WORK REQUEST:
State, as one number, how many lines in these records hold "pixels".

RECORD SET:
=-=-=-=-=
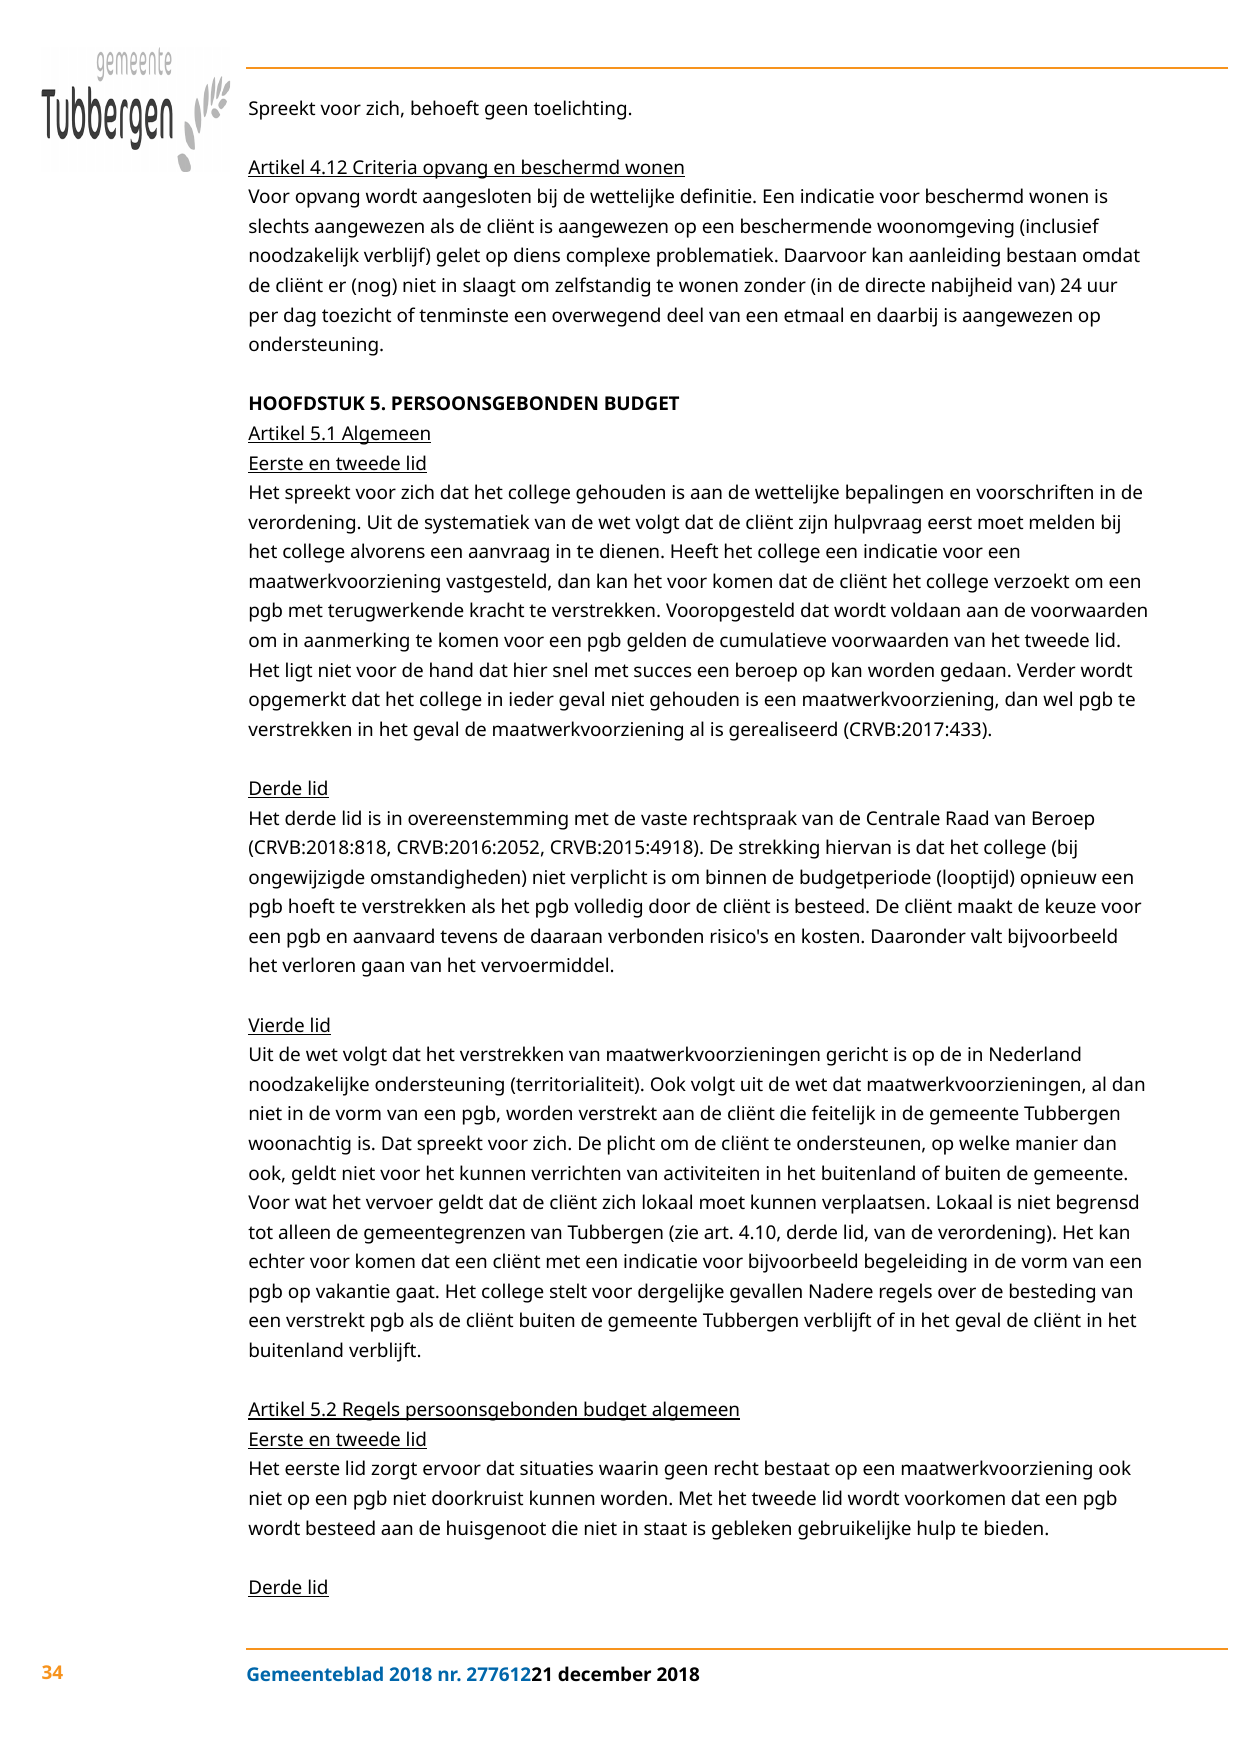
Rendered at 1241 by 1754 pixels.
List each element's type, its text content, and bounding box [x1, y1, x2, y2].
=-=-=-=-=
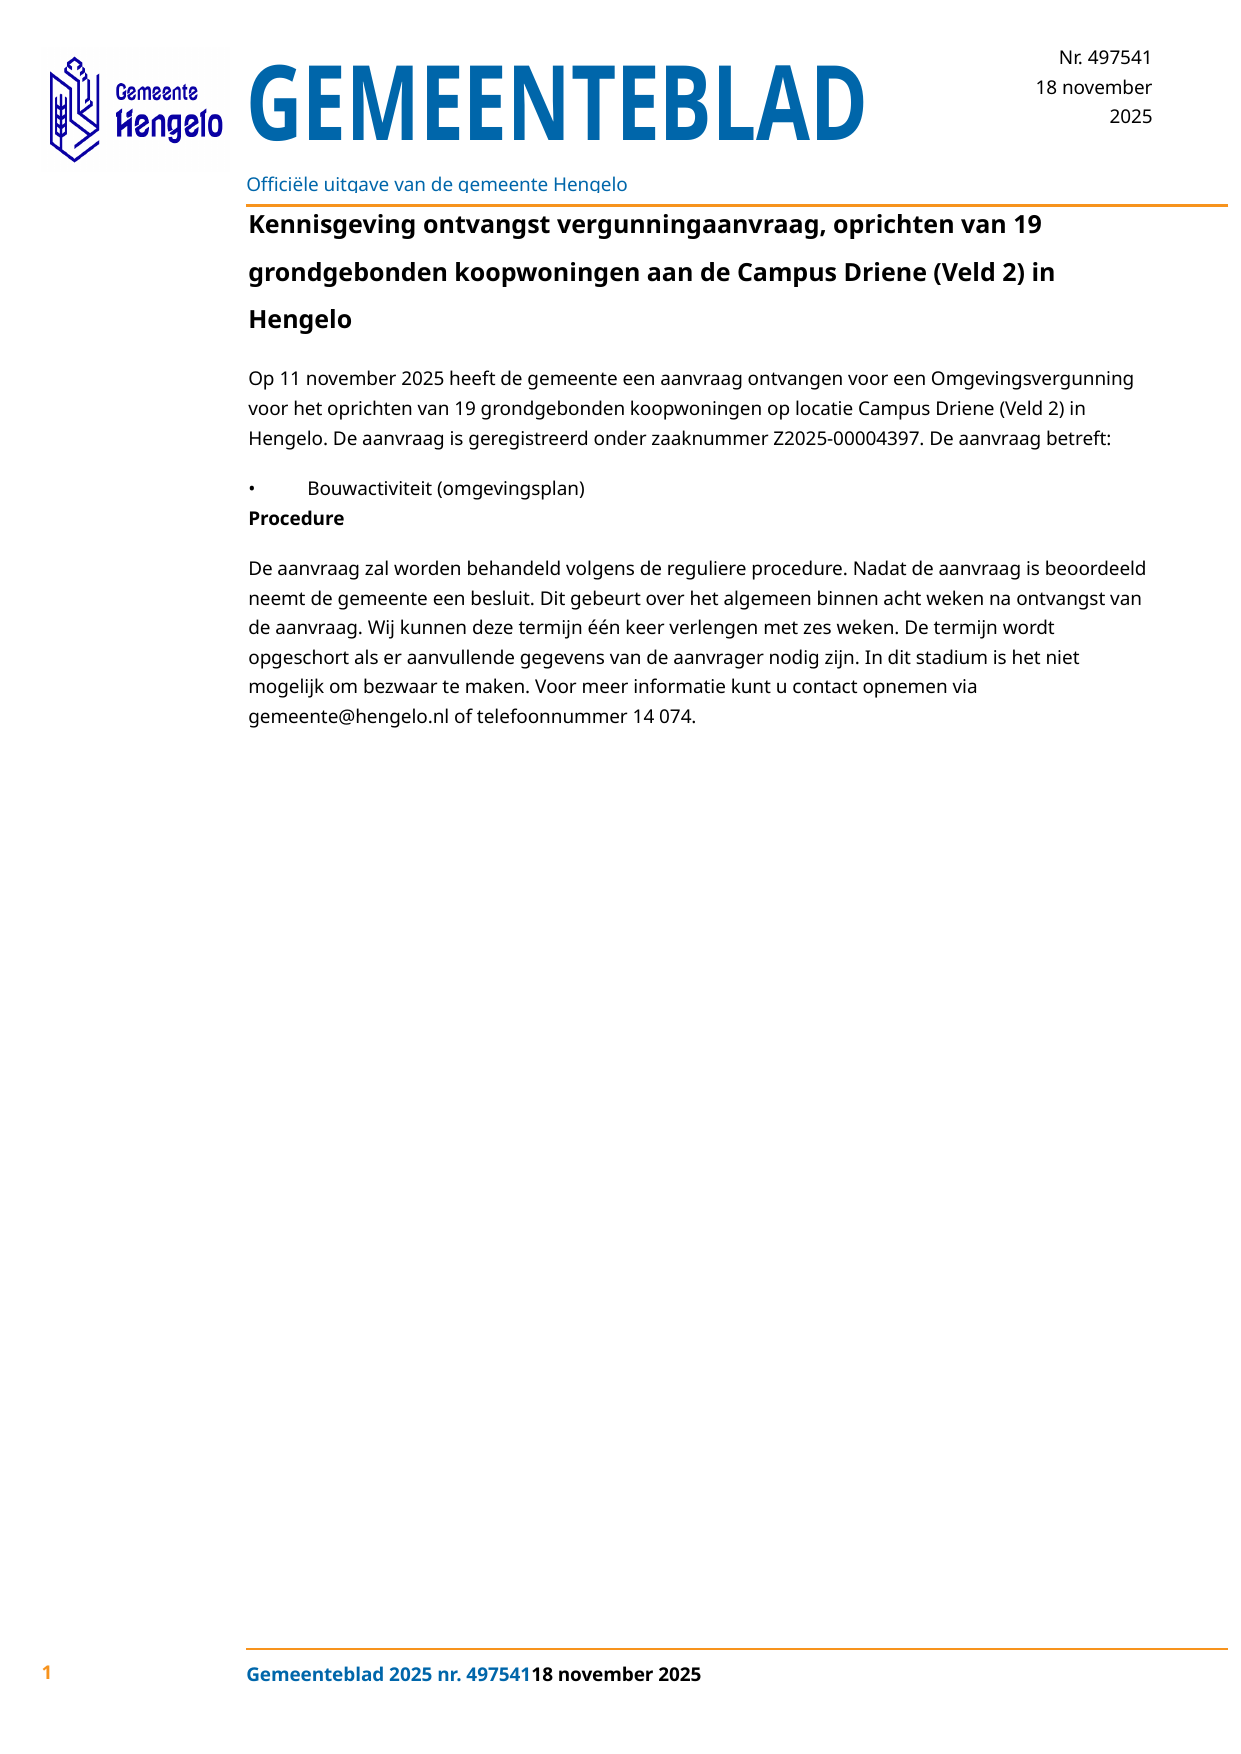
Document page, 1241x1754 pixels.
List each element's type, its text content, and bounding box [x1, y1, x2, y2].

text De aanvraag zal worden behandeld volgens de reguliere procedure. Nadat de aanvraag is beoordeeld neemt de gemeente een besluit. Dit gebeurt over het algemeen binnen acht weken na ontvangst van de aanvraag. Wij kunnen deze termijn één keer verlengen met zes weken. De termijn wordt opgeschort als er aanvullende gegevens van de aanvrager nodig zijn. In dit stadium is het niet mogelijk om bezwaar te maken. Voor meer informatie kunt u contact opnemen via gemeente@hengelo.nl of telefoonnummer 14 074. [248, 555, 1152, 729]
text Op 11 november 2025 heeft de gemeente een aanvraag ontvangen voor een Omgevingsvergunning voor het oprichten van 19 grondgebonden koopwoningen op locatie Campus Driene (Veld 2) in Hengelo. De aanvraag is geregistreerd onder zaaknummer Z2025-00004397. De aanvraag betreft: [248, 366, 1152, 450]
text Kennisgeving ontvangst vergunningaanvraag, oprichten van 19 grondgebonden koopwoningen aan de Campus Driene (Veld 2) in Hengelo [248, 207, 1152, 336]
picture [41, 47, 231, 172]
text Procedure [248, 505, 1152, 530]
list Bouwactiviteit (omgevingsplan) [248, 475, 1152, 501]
=-=-=-=-=
PROBLEM SOLUTION:
2